INFORMATION PROVIDED:
-=-=-=-=-

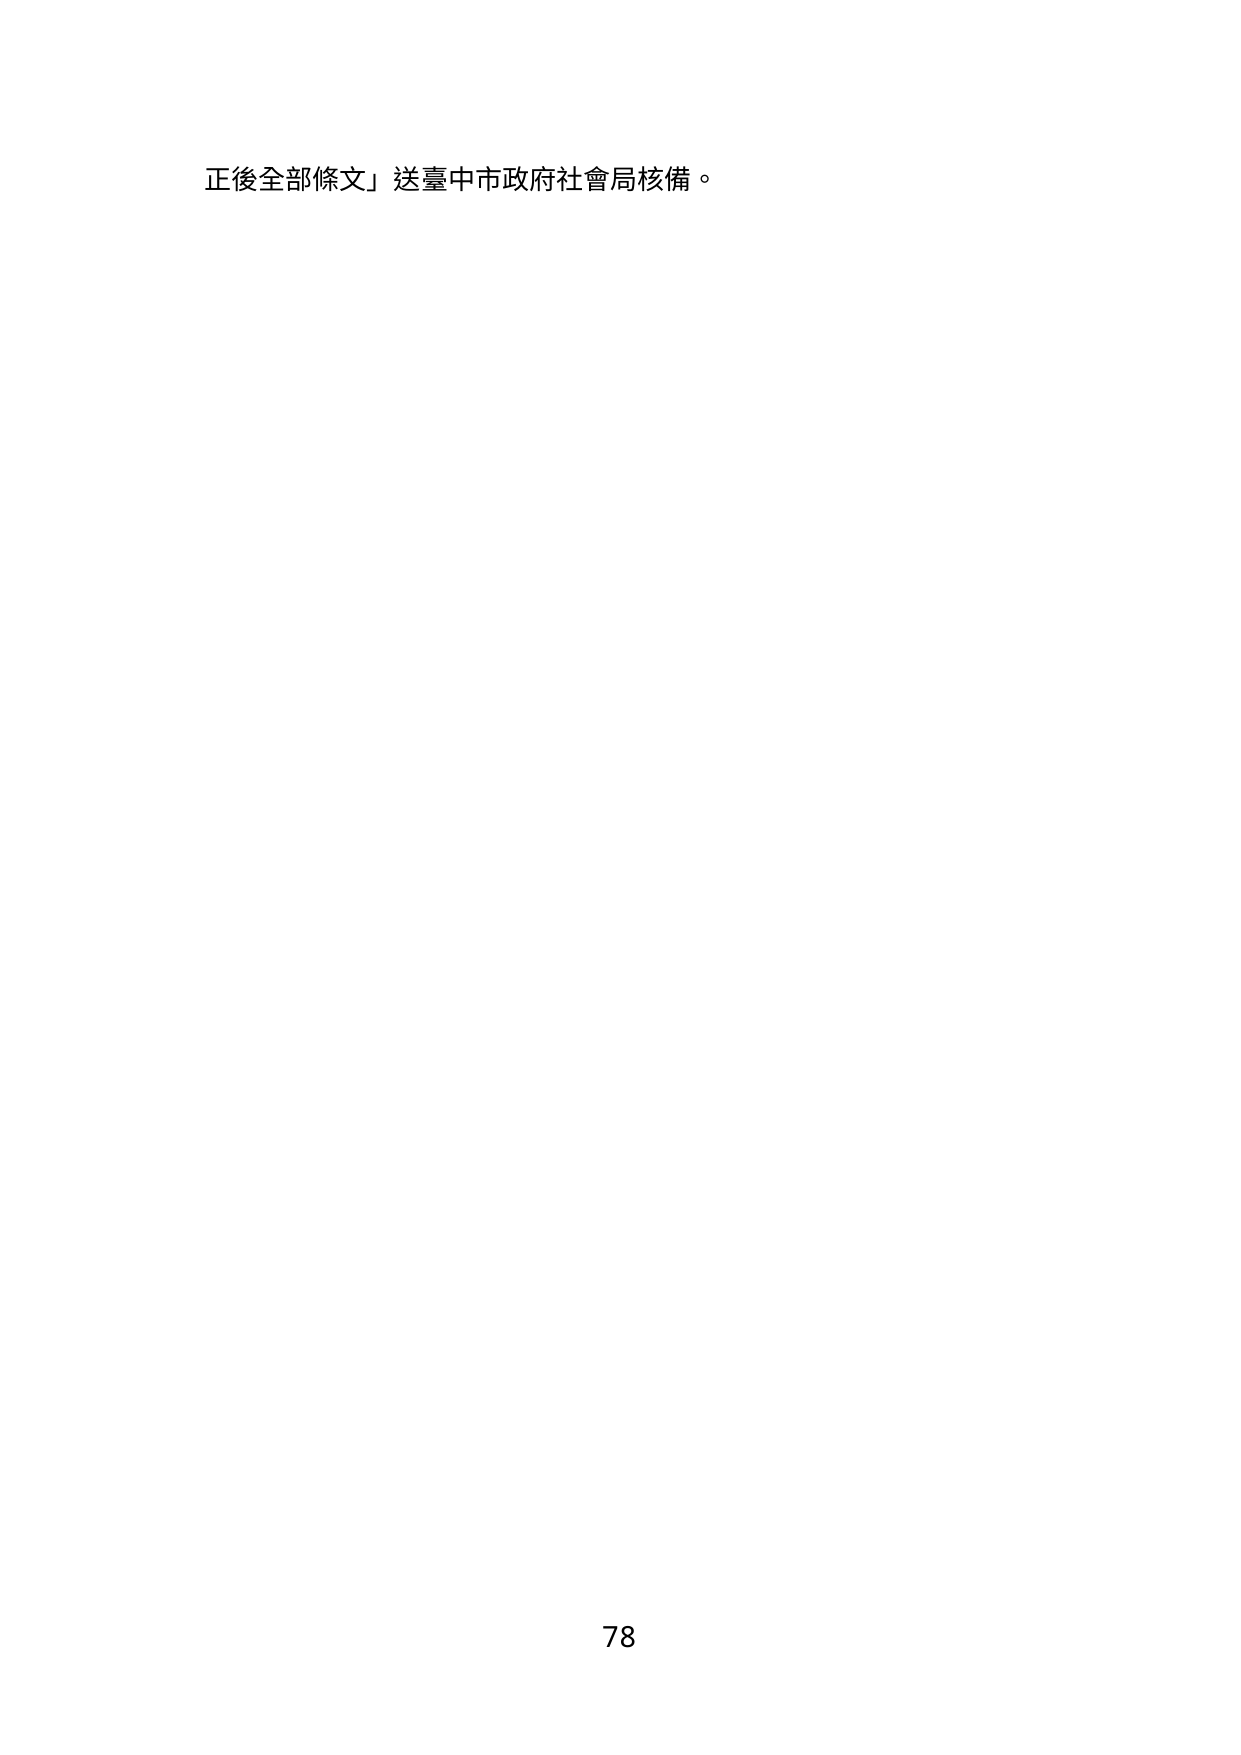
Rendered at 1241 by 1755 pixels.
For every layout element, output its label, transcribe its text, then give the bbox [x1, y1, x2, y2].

-=-=-=-=-

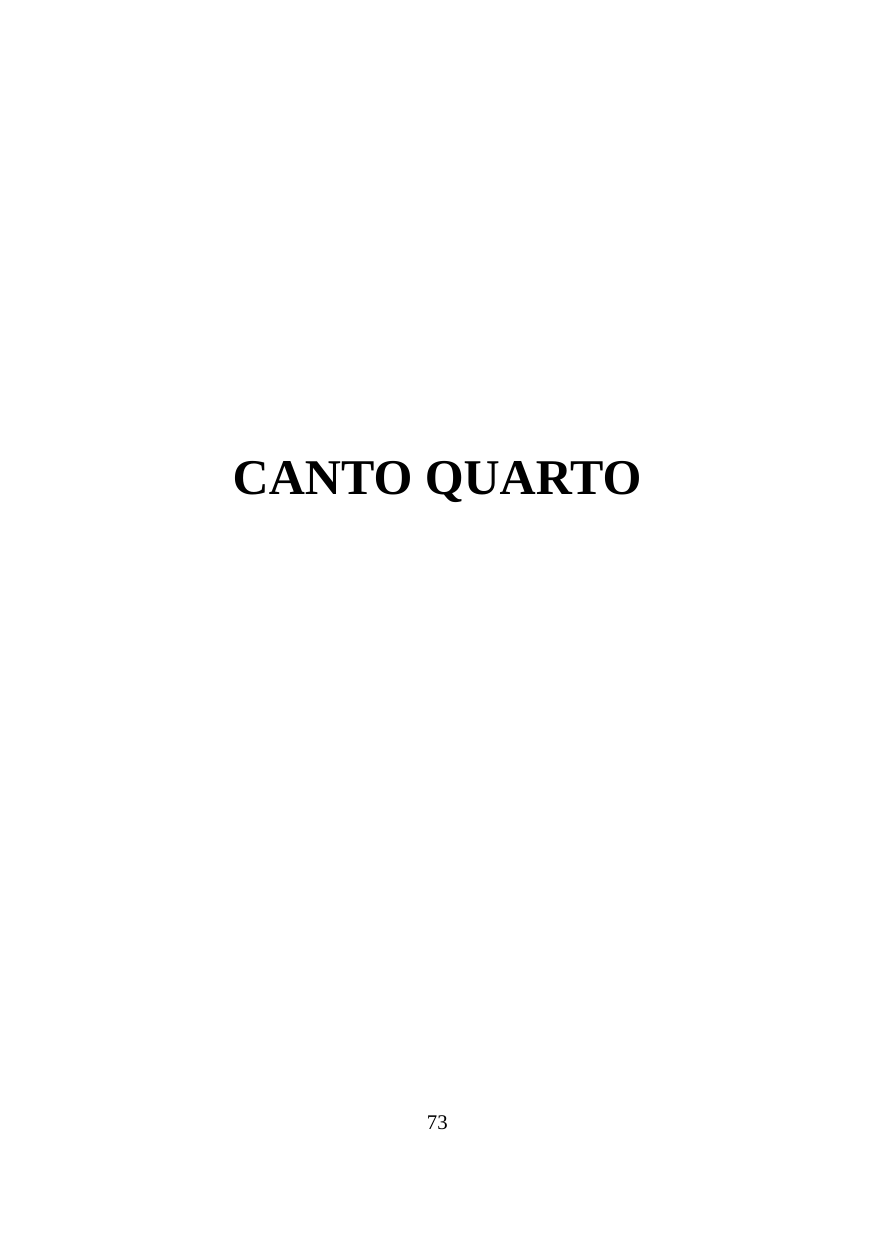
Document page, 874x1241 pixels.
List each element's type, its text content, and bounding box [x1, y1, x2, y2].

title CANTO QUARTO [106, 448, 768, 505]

-=-=-=-=-

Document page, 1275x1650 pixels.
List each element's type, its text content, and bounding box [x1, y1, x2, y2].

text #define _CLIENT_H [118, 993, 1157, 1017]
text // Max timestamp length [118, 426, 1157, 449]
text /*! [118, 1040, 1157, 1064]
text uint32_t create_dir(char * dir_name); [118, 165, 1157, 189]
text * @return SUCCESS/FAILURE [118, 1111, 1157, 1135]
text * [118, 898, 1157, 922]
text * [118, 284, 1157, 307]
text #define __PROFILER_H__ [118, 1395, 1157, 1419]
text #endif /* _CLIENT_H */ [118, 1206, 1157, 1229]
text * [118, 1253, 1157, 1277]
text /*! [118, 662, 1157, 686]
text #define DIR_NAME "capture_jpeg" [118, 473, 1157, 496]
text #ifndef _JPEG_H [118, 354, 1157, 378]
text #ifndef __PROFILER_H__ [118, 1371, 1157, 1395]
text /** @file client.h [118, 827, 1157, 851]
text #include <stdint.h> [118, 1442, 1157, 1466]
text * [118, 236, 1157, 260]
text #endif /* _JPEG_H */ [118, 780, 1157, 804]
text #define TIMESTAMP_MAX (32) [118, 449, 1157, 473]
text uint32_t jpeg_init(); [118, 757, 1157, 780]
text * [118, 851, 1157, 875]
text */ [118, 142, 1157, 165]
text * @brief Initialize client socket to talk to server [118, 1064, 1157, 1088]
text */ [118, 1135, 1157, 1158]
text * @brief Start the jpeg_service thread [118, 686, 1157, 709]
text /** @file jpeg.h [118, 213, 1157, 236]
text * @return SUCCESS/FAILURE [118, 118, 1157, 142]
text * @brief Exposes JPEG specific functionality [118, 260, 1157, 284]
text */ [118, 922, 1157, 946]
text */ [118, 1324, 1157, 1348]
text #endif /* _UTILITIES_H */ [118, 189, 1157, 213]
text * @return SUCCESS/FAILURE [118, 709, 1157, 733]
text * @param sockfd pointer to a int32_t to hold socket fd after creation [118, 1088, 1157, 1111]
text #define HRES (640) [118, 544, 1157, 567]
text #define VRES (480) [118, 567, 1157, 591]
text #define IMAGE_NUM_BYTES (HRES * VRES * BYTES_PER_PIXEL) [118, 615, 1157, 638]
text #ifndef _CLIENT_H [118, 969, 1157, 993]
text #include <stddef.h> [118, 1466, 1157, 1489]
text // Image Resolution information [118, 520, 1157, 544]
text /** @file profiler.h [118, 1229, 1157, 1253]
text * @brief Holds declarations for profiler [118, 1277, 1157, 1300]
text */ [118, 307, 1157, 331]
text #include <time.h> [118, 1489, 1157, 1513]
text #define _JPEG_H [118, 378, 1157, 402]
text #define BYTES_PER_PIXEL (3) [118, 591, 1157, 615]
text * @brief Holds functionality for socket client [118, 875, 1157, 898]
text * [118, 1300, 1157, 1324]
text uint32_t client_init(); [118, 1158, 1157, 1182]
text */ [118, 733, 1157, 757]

-=-=-=-=-

INSTRUCTIONS TO FOLLOW:
Which lines above include the word "page"? Show each one.

TASK OUTPUT:
Document page, 874x1241 pixels.
Document page, 1275x1650 pixels.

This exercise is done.